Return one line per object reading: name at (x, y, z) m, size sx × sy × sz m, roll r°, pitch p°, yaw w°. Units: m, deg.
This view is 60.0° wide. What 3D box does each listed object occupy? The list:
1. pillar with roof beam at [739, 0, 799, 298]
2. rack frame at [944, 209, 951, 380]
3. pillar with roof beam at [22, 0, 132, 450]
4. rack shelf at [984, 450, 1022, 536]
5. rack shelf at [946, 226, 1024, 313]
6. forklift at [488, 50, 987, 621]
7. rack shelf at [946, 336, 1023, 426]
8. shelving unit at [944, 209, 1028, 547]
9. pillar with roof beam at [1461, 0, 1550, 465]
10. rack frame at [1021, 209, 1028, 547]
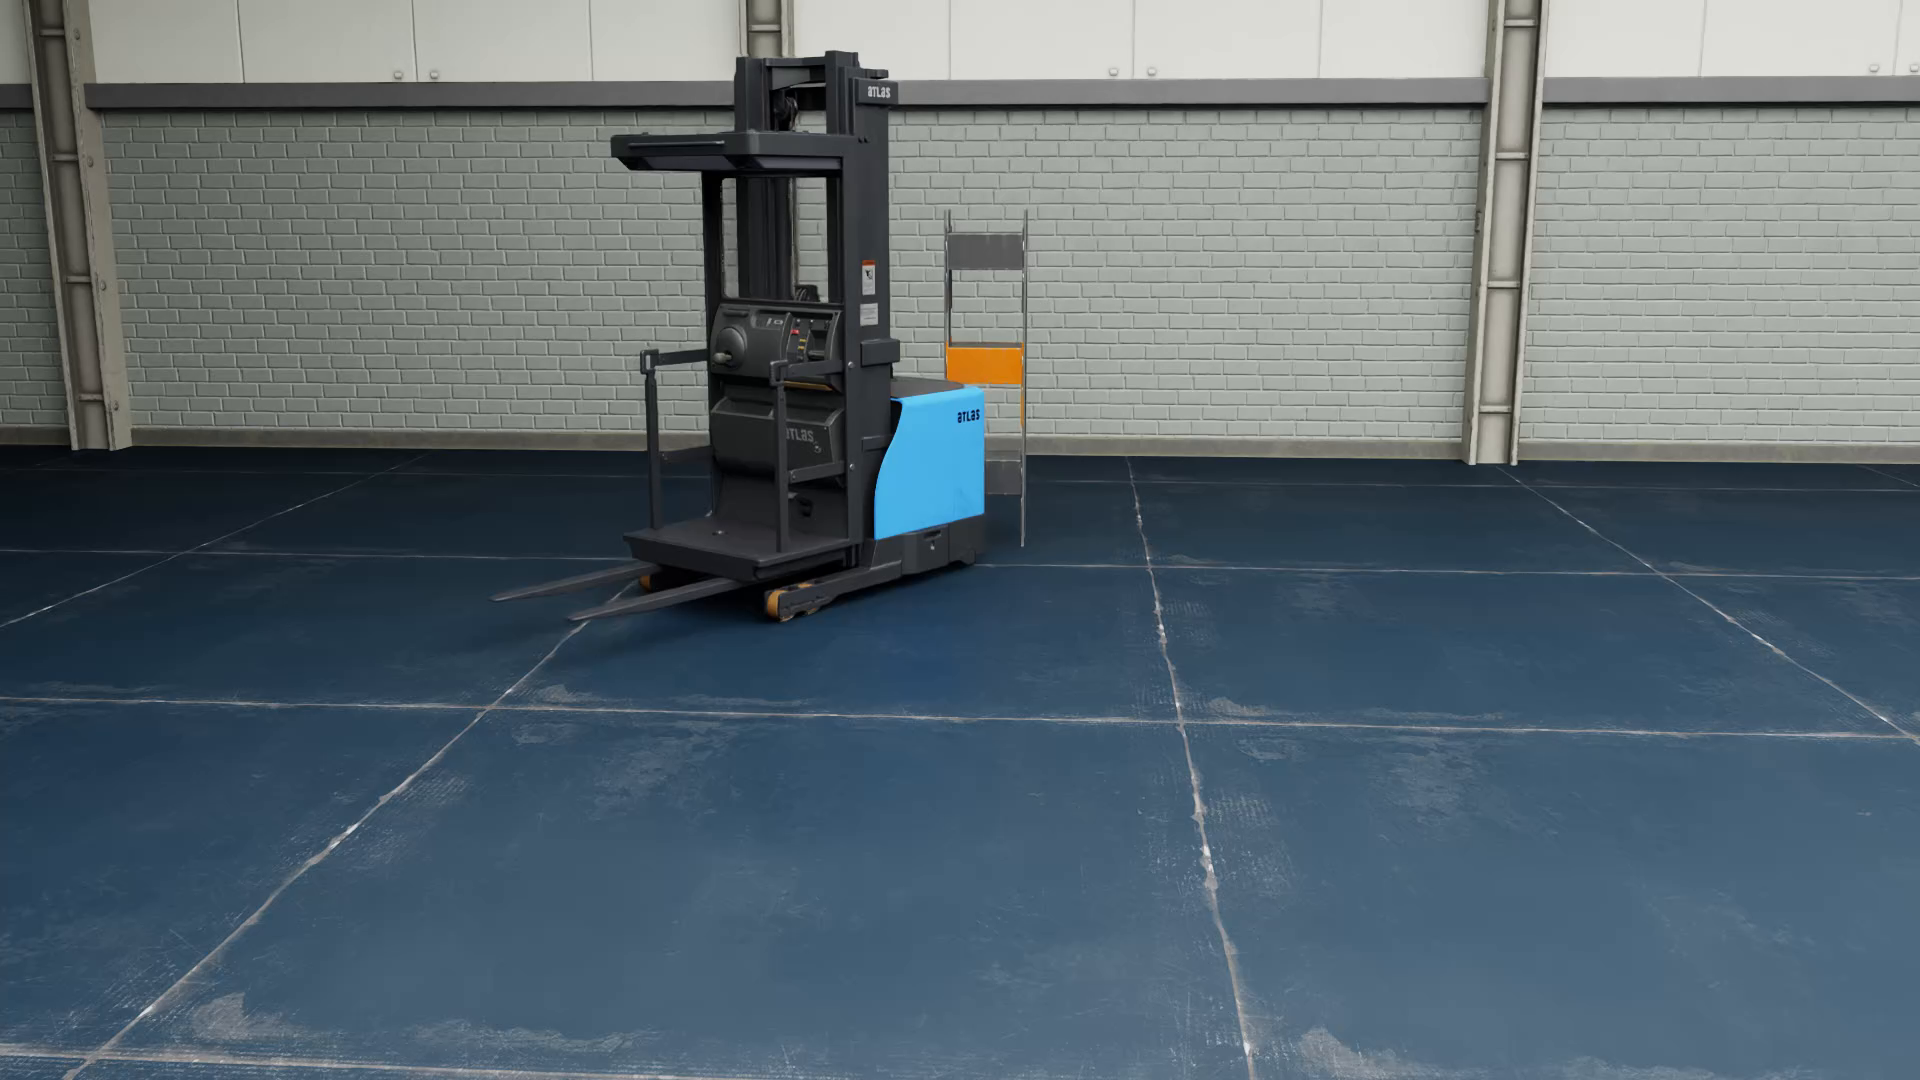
pillar with roof beam at (-1.861, -4.259, 9.150) m, size 0.400 × 9.000 × 9.100 m, roll 1°, pitch 12°, yaw 4°
rack frame at (-0.078, -1.029, 10.558) m, size 0.015 × 2.100 × 0.400 m, roll 1°, pitch 12°, yaw 4°
pillar with roof beam at (-7.848, -4.341, 9.542) m, size 0.400 × 9.000 × 9.100 m, roll 1°, pitch 12°, yaw 4°
rack shelf at (0.165, -0.327, 10.688) m, size 0.480 × 0.518 × 0.431 m, roll 1°, pitch 12°, yaw 4°
rack shelf at (0.165, -1.697, 10.402) m, size 0.480 × 0.518 × 0.431 m, roll 1°, pitch 12°, yaw 4°
forklift at (-1.149, -1.123, 8.980) m, size 1.130 × 2.935 × 3.031 m, roll 9°, pitch 15°, yaw 38°
rack shelf at (0.165, -1.012, 10.545) m, size 0.480 × 0.518 × 0.431 m, roll 1°, pitch 12°, yaw 4°
shelving unit at (0.165, -1.025, 10.542) m, size 0.503 × 2.100 × 0.431 m, roll 1°, pitch 12°, yaw 4°
pillar with roof beam at (4.125, -4.177, 8.758) m, size 0.400 × 9.000 × 9.100 m, roll 1°, pitch 12°, yaw 4°
rack frame at (0.409, -1.022, 10.526) m, size 0.015 × 2.100 × 0.400 m, roll 1°, pitch 12°, yaw 4°

**TASK ITEM:** Quote verbatim the opening lines of the listing above, ending with the line where "9. pillar with" appears; include both endpoints and nothing more.

**TASK SOLUTION:**
Return one line per object reading: name at (x, y, z) m, size sx × sy × sz m, roll r°, pitch p°, yaw w°. Units: m, deg.
This view is 60.0° wide. What 3D box does each listed object occupy? The list:
1. pillar with roof beam at [739, 0, 799, 298]
2. rack frame at [944, 209, 951, 380]
3. pillar with roof beam at [22, 0, 132, 450]
4. rack shelf at [984, 450, 1022, 536]
5. rack shelf at [946, 226, 1024, 313]
6. forklift at [488, 50, 987, 621]
7. rack shelf at [946, 336, 1023, 426]
8. shelving unit at [944, 209, 1028, 547]
9. pillar with roof beam at [1461, 0, 1550, 465]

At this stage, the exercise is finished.